INFORMATION SUPPLIED section start
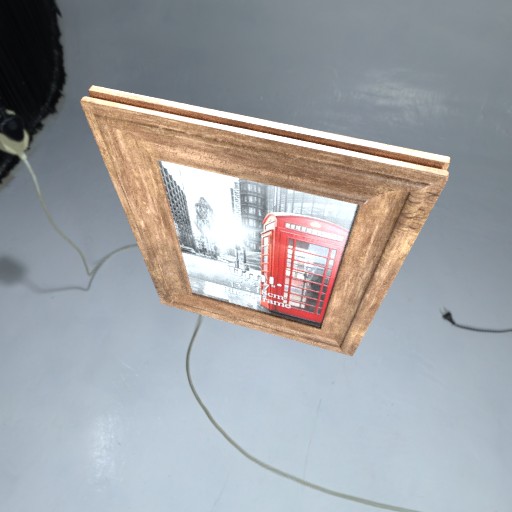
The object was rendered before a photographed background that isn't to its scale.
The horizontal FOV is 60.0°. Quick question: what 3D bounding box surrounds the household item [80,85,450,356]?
[{"bbox_3d":[0.000,0.000,0.318,0.186,0.237,0.018,14,59,9],"label":"household item"}]
INFORMATION SUPPLIED section end
Retype all the data exactly; skip the pictures.

▶ **YOUR RESPONSE**:
The object was rendered before a photographed background that isn't to its scale.
The horizontal FOV is 60.0°. Quick question: what 3D bounding box surrounds the household item [80,85,450,356]?
[{"bbox_3d":[0.000,0.000,0.318,0.186,0.237,0.018,14,59,9],"label":"household item"}]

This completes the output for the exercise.